Fae's elegant face, her scrutinizing eyes finally looked away from Bess's stare.

"Well, listen, we have some amazing food. I made a grilled peach and mozzarella spinach salad with balsamic vinaigrette." Ursula used the wooden salad tongs to put a bunch in Fae's bowl as Eloise poured her wine.

They took seats joining them and Tilly felt Fae's discomfort but it was drowned out by the kind welcome from her friends. Bess watched her sister quietly as she took bites of her sandwich nonchalantly.

She wondered what it would have been like to walk through teenage years with that kind of gumption.

She had tiptoed, hoping she didn't make too much noise.

She slid into empty rooms and sometimes dark closets to hide where she wouldn't have to add herself to the scale of equilibrium and possibly tilt it.

Even now, she caught herself holding her breath when walking into certain rooms in hopes that she didn't alter the atmosphere and be noticed.

Dr. Sarah once asked her why she thought she felt anxious around new people and new places.

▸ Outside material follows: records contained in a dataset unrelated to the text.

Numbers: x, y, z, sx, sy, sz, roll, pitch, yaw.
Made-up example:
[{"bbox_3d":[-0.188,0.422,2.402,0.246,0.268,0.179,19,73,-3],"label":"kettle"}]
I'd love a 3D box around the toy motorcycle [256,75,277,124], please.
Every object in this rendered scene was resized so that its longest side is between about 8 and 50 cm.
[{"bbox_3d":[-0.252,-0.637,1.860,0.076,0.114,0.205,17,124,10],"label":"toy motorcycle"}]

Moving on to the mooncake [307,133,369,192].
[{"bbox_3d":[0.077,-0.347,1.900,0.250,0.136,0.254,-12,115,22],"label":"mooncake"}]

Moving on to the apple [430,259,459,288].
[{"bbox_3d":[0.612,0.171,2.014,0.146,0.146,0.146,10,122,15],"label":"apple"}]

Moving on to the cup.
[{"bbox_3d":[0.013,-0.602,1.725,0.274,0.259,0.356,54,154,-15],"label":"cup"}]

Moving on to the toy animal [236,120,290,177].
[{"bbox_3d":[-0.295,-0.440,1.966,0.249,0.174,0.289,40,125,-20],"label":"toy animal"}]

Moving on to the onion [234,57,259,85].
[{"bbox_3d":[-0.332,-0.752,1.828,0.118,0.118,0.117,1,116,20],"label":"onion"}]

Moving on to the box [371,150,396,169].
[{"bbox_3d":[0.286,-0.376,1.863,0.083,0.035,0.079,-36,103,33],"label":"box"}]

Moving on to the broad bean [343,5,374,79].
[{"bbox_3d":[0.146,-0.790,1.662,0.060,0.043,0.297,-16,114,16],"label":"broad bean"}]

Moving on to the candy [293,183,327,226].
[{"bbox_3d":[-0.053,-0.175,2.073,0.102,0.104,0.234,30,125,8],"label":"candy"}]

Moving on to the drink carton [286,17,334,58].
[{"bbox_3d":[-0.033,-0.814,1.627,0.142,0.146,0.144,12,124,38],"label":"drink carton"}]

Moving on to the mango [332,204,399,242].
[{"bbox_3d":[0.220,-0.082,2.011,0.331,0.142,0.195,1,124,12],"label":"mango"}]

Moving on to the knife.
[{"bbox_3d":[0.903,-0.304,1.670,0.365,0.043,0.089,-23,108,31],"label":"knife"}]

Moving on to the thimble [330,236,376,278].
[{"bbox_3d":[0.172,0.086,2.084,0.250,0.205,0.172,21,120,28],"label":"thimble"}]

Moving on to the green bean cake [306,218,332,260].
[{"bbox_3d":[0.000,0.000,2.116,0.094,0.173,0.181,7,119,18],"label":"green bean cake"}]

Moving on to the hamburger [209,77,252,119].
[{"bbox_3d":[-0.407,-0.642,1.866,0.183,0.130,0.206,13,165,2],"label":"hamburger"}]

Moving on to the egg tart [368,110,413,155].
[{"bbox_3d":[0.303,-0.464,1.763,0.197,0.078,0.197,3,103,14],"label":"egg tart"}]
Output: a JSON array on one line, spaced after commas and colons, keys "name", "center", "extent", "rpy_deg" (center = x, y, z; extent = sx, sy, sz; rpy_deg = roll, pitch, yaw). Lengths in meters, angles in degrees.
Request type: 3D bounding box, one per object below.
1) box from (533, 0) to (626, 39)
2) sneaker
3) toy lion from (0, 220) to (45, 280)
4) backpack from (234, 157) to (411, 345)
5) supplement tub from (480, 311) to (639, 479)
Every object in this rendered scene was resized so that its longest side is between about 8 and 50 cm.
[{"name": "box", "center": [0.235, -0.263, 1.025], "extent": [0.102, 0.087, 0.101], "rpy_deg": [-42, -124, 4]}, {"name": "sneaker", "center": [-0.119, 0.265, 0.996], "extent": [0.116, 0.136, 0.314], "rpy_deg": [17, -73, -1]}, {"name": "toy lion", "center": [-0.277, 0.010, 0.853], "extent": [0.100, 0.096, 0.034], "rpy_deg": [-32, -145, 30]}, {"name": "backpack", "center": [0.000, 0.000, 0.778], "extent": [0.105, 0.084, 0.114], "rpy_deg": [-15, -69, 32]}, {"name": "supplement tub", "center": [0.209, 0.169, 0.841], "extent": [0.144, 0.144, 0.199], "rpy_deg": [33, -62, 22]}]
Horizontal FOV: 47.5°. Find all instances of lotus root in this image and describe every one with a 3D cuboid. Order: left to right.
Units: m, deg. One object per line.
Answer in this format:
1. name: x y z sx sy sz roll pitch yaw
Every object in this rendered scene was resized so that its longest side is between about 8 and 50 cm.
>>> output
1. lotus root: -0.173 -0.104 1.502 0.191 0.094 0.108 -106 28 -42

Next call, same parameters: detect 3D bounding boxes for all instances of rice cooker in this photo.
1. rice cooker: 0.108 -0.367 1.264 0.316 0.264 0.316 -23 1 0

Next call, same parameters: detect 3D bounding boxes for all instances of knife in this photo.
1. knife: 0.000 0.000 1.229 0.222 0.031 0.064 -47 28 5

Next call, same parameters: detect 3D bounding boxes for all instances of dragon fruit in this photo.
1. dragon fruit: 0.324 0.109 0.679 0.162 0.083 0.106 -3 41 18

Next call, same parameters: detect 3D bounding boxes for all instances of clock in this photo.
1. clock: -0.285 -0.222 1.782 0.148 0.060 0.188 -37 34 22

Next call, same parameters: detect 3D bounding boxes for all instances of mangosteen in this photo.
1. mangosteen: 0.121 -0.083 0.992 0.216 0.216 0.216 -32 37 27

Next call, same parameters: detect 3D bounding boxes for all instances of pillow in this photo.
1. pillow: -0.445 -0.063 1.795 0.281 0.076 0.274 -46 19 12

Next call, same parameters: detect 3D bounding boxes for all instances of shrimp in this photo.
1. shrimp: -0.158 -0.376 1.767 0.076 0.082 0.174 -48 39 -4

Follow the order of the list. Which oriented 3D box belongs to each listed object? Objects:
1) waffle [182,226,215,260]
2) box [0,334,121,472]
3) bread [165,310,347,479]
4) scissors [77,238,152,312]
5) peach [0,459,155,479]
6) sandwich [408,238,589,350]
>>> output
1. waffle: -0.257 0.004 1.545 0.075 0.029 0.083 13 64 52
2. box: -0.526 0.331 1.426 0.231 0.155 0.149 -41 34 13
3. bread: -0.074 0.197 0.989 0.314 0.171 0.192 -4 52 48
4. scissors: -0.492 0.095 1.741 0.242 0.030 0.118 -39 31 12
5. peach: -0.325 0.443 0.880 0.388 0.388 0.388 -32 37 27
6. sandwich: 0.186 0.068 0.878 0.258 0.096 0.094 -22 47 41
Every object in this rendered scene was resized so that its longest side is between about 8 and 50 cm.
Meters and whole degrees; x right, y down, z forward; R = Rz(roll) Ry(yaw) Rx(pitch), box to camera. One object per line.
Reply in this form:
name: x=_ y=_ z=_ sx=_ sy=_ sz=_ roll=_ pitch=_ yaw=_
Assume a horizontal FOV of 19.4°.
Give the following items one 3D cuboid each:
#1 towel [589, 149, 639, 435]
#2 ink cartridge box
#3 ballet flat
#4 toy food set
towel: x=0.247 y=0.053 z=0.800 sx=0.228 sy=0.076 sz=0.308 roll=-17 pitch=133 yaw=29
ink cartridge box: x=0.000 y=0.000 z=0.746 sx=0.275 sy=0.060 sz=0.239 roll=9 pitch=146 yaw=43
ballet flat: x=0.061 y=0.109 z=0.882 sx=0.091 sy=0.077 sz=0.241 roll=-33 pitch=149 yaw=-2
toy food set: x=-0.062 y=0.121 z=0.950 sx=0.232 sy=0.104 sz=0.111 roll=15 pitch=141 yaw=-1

And it took Tilly a few sessions and quietly deep moments alone with a cup of coffee to realize that she was afraid to be known.

The people who should have made her comfortable with who she was, her core people, taught her that she was not safe to be herself.

Sometimes she was even punished for it.

So every new person she came across was, in a way, an unsafe person until they proved differently.

She had grown in the last few years of her life, shedding the assumption that others were ready to weigh and measure her. Most were just trying to bungle their way through an imperfect life with an imperfect map just like her. And there was comfort in that.

"So what do you do, Fae?" Bess's question pulled Tilly from her memories.

Fae shifted in her seat. Her back and shoulders were painfully straight and Tilly wondered when her sister ever relaxed.

She couldn't even imagine her sister relaxing into a passionate kiss.

Like the one she'd shared with the chief. The memory burned, as it had been doing since the kiss, leaving a delicious, sizzling sensation in her belly.